### INSTRUCTIONS FOR THE TASK
The entries that follow include a run beginning at the line with "19) plastic bottle at [385, 77, 408, 149]" and ending at the line with "45) pallet at [427, 219, 475, 340]"; restate that run word for word and leave the rest out.

Data entries:
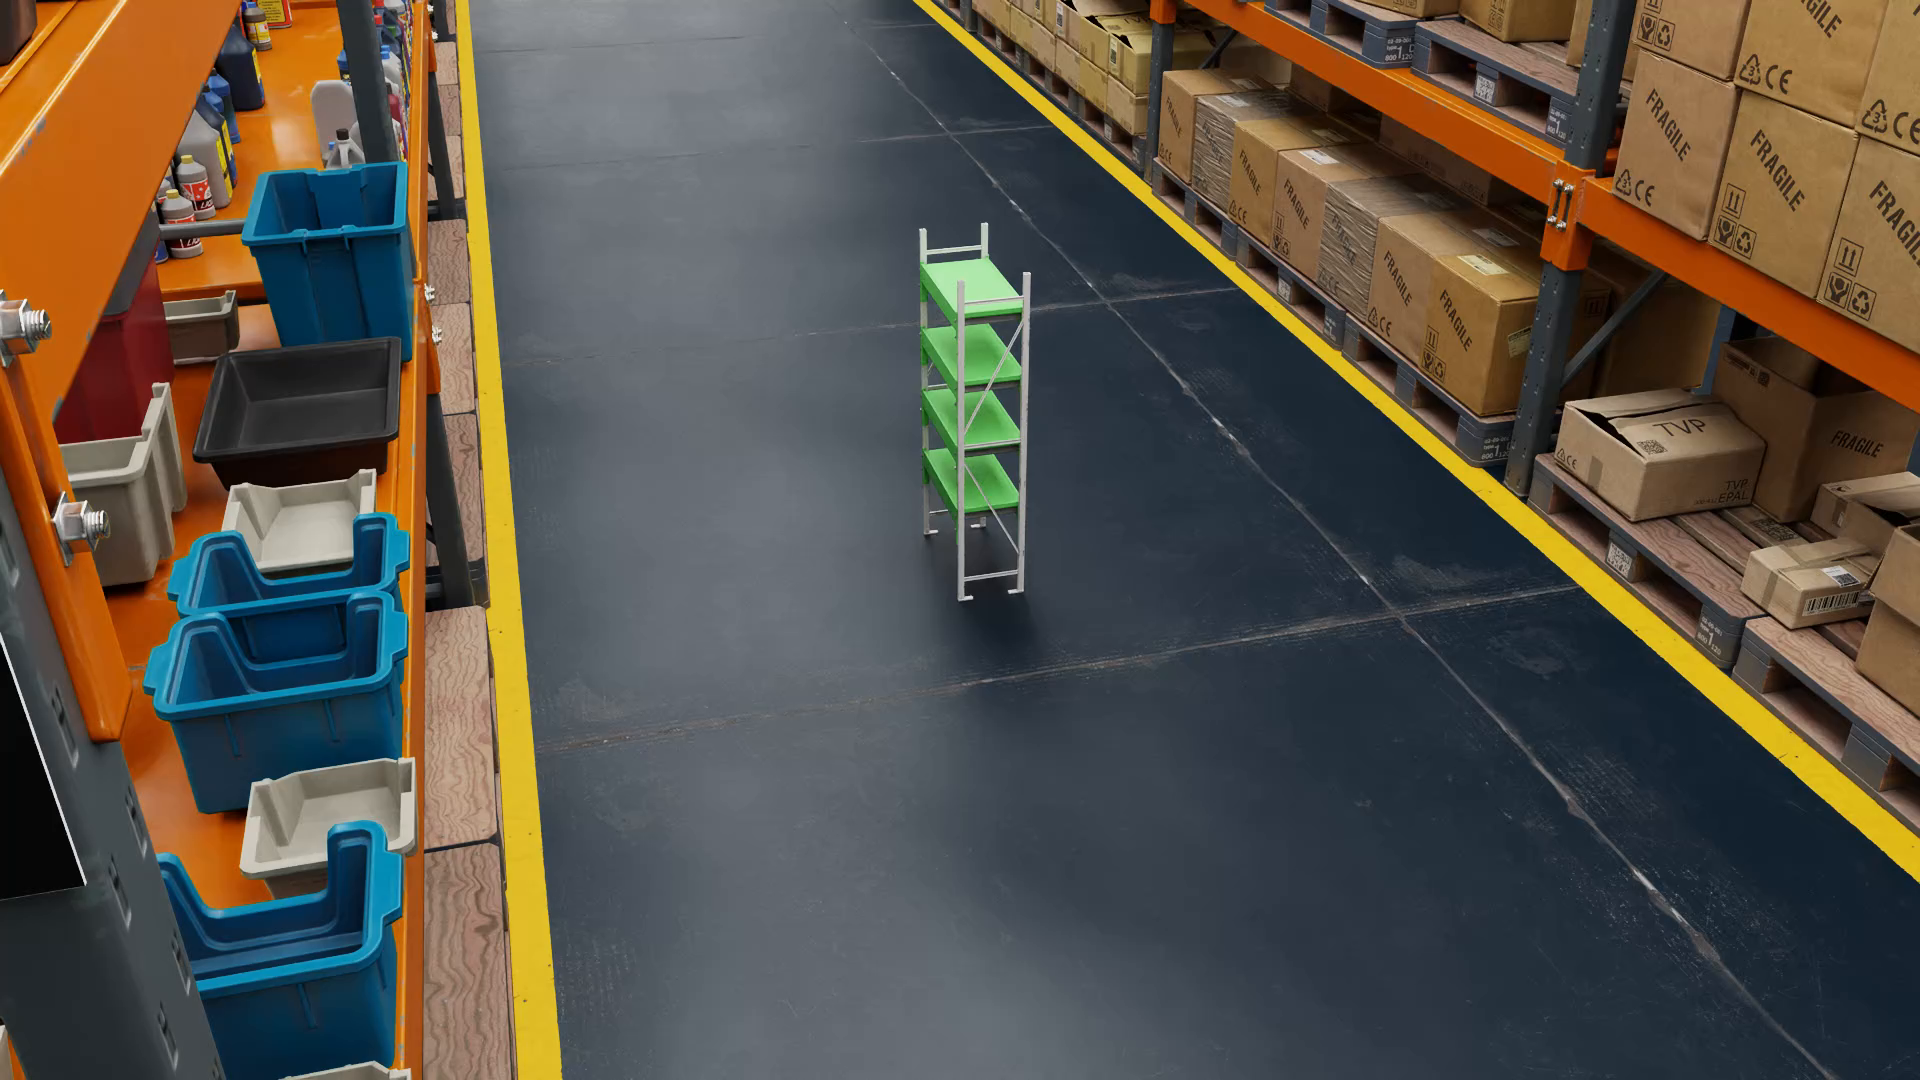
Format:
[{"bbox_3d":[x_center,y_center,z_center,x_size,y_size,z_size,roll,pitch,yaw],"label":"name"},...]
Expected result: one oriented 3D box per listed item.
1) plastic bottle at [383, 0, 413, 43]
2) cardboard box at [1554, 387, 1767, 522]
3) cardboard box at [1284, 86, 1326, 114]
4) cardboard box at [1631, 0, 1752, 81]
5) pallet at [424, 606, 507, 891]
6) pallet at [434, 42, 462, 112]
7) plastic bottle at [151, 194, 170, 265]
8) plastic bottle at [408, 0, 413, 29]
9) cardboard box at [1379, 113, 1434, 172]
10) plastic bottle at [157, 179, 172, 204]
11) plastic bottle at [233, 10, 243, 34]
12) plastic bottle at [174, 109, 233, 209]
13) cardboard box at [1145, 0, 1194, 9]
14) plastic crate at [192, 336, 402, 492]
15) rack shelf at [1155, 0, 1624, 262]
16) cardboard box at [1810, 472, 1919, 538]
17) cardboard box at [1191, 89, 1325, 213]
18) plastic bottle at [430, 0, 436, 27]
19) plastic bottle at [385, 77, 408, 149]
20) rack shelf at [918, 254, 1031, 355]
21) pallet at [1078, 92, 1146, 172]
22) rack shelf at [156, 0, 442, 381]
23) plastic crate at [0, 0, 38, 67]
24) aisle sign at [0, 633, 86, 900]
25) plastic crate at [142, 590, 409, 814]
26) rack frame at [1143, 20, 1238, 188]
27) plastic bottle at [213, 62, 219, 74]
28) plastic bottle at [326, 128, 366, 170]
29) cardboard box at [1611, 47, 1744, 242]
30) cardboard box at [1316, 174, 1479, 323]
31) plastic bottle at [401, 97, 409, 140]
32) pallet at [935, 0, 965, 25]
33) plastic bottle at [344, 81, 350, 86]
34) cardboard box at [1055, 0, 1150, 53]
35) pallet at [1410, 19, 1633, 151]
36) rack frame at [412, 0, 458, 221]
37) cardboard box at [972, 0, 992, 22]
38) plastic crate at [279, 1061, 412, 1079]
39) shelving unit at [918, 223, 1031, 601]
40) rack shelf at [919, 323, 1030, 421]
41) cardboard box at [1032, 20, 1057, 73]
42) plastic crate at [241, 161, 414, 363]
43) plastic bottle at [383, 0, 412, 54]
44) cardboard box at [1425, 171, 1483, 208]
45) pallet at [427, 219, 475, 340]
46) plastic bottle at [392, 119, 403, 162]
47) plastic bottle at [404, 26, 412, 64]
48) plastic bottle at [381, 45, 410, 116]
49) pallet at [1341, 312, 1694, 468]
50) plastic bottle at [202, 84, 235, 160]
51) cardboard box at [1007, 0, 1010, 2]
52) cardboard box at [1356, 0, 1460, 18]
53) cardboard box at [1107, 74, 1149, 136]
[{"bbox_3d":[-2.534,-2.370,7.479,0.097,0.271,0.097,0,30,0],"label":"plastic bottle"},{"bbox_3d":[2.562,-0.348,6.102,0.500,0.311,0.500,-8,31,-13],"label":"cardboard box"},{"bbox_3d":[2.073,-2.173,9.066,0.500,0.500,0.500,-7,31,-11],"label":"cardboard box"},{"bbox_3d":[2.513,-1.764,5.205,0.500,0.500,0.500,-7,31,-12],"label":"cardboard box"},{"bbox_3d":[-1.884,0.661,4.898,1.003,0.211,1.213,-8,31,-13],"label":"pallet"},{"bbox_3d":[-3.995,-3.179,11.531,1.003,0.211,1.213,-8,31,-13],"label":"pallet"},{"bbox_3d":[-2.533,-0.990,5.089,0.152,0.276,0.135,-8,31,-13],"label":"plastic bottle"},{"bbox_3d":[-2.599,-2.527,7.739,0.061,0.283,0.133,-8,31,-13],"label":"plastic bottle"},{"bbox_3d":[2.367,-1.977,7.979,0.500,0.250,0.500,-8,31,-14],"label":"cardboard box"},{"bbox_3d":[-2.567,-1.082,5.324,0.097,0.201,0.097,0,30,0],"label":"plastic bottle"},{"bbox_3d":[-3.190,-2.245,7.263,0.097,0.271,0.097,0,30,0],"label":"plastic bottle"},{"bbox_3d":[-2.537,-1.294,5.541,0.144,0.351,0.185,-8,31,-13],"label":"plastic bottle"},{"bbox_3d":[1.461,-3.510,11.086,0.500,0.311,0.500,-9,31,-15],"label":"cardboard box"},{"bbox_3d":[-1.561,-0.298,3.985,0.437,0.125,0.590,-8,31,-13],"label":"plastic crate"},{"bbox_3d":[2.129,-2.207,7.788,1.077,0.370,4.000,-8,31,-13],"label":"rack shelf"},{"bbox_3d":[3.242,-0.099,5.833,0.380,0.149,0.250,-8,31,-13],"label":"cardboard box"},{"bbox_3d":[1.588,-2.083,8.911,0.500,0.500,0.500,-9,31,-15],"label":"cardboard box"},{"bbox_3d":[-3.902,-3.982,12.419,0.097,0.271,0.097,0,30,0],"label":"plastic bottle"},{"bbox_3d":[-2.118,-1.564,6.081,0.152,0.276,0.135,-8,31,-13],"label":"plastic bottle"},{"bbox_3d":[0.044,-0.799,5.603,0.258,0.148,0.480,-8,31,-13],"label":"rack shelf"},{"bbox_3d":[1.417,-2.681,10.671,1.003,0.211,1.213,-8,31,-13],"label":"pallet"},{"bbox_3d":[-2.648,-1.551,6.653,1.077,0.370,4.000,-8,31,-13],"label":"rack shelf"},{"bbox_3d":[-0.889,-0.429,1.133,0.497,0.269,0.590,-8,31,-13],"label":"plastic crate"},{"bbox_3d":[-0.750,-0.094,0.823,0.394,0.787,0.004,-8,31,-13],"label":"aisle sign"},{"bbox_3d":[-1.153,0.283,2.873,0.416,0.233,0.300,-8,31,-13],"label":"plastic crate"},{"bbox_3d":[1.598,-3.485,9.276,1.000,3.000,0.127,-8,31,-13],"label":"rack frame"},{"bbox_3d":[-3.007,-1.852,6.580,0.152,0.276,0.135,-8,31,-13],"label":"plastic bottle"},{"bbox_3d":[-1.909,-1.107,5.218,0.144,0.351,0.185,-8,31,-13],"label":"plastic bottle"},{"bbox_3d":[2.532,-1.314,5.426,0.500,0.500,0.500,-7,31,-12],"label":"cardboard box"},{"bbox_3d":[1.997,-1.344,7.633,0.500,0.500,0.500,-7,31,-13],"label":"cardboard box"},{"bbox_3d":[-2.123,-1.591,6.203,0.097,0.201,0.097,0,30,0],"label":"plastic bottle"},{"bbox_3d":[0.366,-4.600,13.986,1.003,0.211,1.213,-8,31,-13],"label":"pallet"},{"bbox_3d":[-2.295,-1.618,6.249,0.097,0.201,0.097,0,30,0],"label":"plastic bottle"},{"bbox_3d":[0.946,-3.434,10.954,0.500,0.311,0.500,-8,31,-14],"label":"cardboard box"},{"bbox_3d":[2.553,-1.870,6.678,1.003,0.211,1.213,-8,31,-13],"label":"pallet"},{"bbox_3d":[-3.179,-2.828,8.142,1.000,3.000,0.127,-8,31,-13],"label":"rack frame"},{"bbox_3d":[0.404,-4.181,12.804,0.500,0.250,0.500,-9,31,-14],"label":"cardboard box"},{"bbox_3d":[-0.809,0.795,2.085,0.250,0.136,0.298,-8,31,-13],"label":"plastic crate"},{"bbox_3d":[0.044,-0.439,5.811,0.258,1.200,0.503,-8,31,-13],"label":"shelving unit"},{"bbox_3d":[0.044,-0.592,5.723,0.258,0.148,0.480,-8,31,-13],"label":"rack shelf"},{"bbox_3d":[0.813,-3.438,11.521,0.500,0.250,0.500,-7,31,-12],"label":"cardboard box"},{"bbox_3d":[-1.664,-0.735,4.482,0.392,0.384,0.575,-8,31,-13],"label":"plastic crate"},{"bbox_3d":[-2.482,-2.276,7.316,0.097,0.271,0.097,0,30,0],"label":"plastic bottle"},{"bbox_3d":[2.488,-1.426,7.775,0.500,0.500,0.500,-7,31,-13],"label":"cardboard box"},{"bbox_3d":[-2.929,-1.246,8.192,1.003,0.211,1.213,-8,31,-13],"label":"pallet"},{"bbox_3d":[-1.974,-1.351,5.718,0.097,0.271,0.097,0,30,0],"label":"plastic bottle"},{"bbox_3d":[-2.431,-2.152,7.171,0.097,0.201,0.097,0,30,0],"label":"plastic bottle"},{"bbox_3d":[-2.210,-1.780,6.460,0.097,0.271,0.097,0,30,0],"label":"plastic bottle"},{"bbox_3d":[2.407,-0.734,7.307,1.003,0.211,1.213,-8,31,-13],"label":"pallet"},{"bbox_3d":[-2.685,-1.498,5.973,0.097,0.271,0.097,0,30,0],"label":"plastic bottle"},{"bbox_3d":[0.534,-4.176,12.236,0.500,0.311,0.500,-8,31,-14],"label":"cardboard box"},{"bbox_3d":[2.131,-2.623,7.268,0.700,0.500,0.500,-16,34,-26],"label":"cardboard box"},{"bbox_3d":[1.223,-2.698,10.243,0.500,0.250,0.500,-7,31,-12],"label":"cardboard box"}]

### RESULT OF THIS EXERCISE
19) plastic bottle at [385, 77, 408, 149]
20) rack shelf at [918, 254, 1031, 355]
21) pallet at [1078, 92, 1146, 172]
22) rack shelf at [156, 0, 442, 381]
23) plastic crate at [0, 0, 38, 67]
24) aisle sign at [0, 633, 86, 900]
25) plastic crate at [142, 590, 409, 814]
26) rack frame at [1143, 20, 1238, 188]
27) plastic bottle at [213, 62, 219, 74]
28) plastic bottle at [326, 128, 366, 170]
29) cardboard box at [1611, 47, 1744, 242]
30) cardboard box at [1316, 174, 1479, 323]
31) plastic bottle at [401, 97, 409, 140]
32) pallet at [935, 0, 965, 25]
33) plastic bottle at [344, 81, 350, 86]
34) cardboard box at [1055, 0, 1150, 53]
35) pallet at [1410, 19, 1633, 151]
36) rack frame at [412, 0, 458, 221]
37) cardboard box at [972, 0, 992, 22]
38) plastic crate at [279, 1061, 412, 1079]
39) shelving unit at [918, 223, 1031, 601]
40) rack shelf at [919, 323, 1030, 421]
41) cardboard box at [1032, 20, 1057, 73]
42) plastic crate at [241, 161, 414, 363]
43) plastic bottle at [383, 0, 412, 54]
44) cardboard box at [1425, 171, 1483, 208]
45) pallet at [427, 219, 475, 340]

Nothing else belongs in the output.